I was stunned when I heard the news that 22-year-old graduate student Xin Yang was decapitated with an 8" kitchen knife by a fellow Chinese doctoral student in a campus cafe at Virginia Tech two days ago. This after another horrific crime this summer in Canada that you may not have heard about: On July 31st, Tim McLean--also 22 years old--was heading home to Winnipeg when a 40-year-old Chinese immigrant from Alberta suddenly began stabbing him more than 40 times in the chest with a large hunting knife. The other passengers ran screaming off the bus as the attacker cut off the victim's head and held it up. Yang was acquainted with her attacker, though his actions were unprovoked; McLean's killing was random. I am not familiar with Chinese cultural attitudes toward decapitation, but China has a long history of execution by beheading, as the images on this site [caution] show.
I also remembered at least one instance of suicide by decapitation recently, and found three.
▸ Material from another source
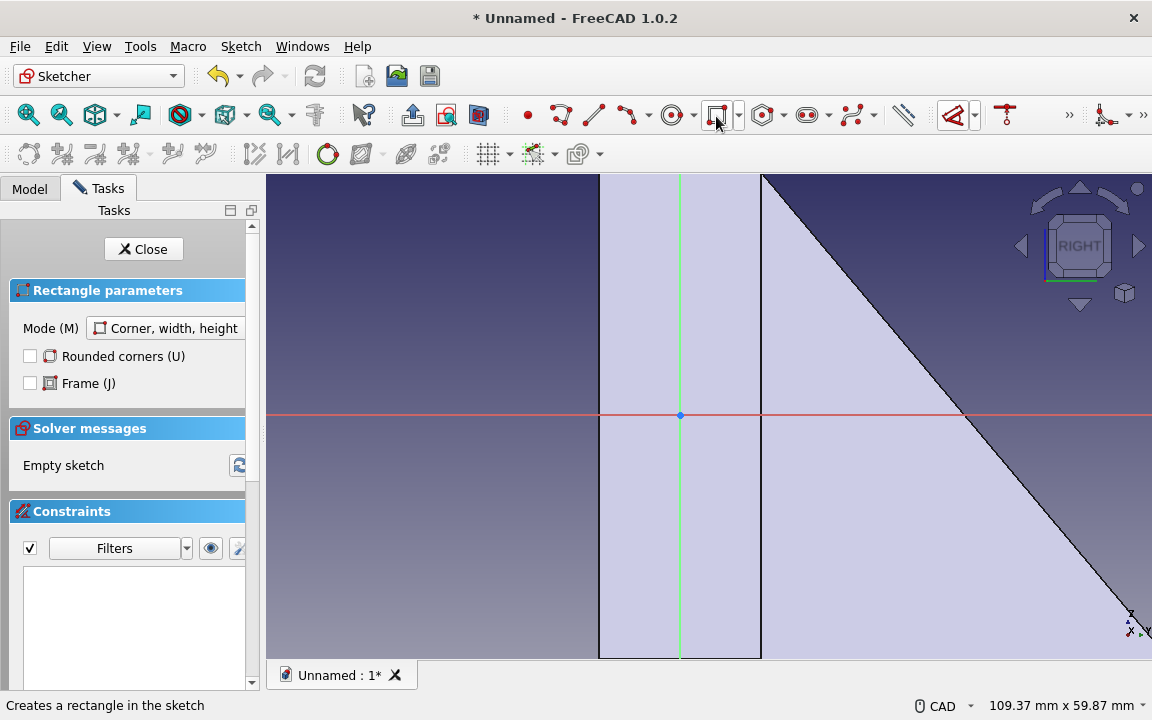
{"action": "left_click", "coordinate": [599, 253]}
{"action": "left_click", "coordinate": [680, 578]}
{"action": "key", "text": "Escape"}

In August 2008, British businessman Gerald Mellin, age 54, angry at his wife for leaving him, tied one end of a rope to a tree and the other end around his neck, then drove into traffic in his Aston Martin. The month before, another Englishman David Phyall, 58, had removed his own head with a chainsaw because he was distraught at being evicted from his flat; the result is here [caution]. And in April, 41-year-old Michigan man Steve Gregory Walther cut off his head with a chainsaw in his ex-wife's driveway after attempting unsuccessfully to reconcile with her. His suicide was not immediately achieved, but he died in the hospital [caution].
I have identified the victims in these crimes, and the suicides, but it is my general policy not to name killers on this blog. I think giving them name- and face-recognition in the media is the sort of fame (or infamy) that potential murderers crave when they carry out a massacre and that avoiding this attention would help in small part to reduce this incentive.